A strong set of earnings from Wall Street titans Amazon and Apple helped US markets end last week with healthy gains and eased concerns about the impact on consumers of surging inflation and rising borrowing costs.

That came after investors took Fed chief Jerome Powell’s post-policy-meeting comments Wednesday as indicating the bank could start to slow down its pace of monetary tightening, providing a much-needed boost to stocks.

However, analysts warned that inflation would take time to come down from its four-decade highs and there were undoubtedly more rate hikes to come.

And officials backed that up at the weekend, with Minneapolis Fed chief Neel Kashkari telling the New York Times that he was “surprised by markets’ interpretation” of the latest Fed meeting statement.

“The committee is united in our determination to get inflation back down to two percent, and I think we’re going to continue to do what we need to do until we are convinced that inflation is well on its way back down to two percent — and we are a long way away from that.”

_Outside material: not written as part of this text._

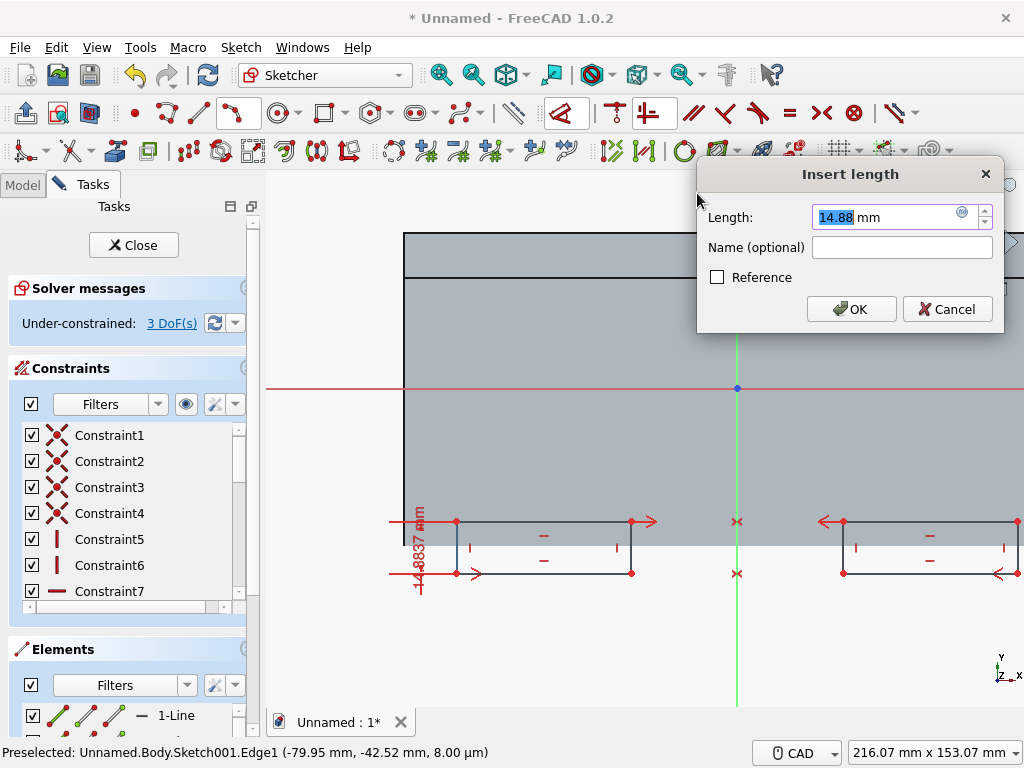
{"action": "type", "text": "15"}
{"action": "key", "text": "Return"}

That came as Atlanta Fed president Raphael Bostic said he did not think the economy was in recession owing to ongoing jobs growth but that inflation remained too high and he was “convinced” more must be done.

Still, Treasuries continued to fall, with the 10-year yield at 2.67 percent, well down from June’s peak near 3.50 percent, suggesting expectations for future rates are easing.

Figures showing a second successive economic contraction in April-June put the United States in a technical recession but it is not officially considered so until identified as such by the National Bureau of Economic Research.

In early Asian trade, investors struggled to extend Wall Street’s lead, with Hong Kong and Shanghai suffering most after another disappointing reading on the Chinese economy.

The closely watched Purchasing Managers’ Index of manufacturing activity shrank in July on the back of weak demand and the strict zero-Covid measures imposed in parts of the country.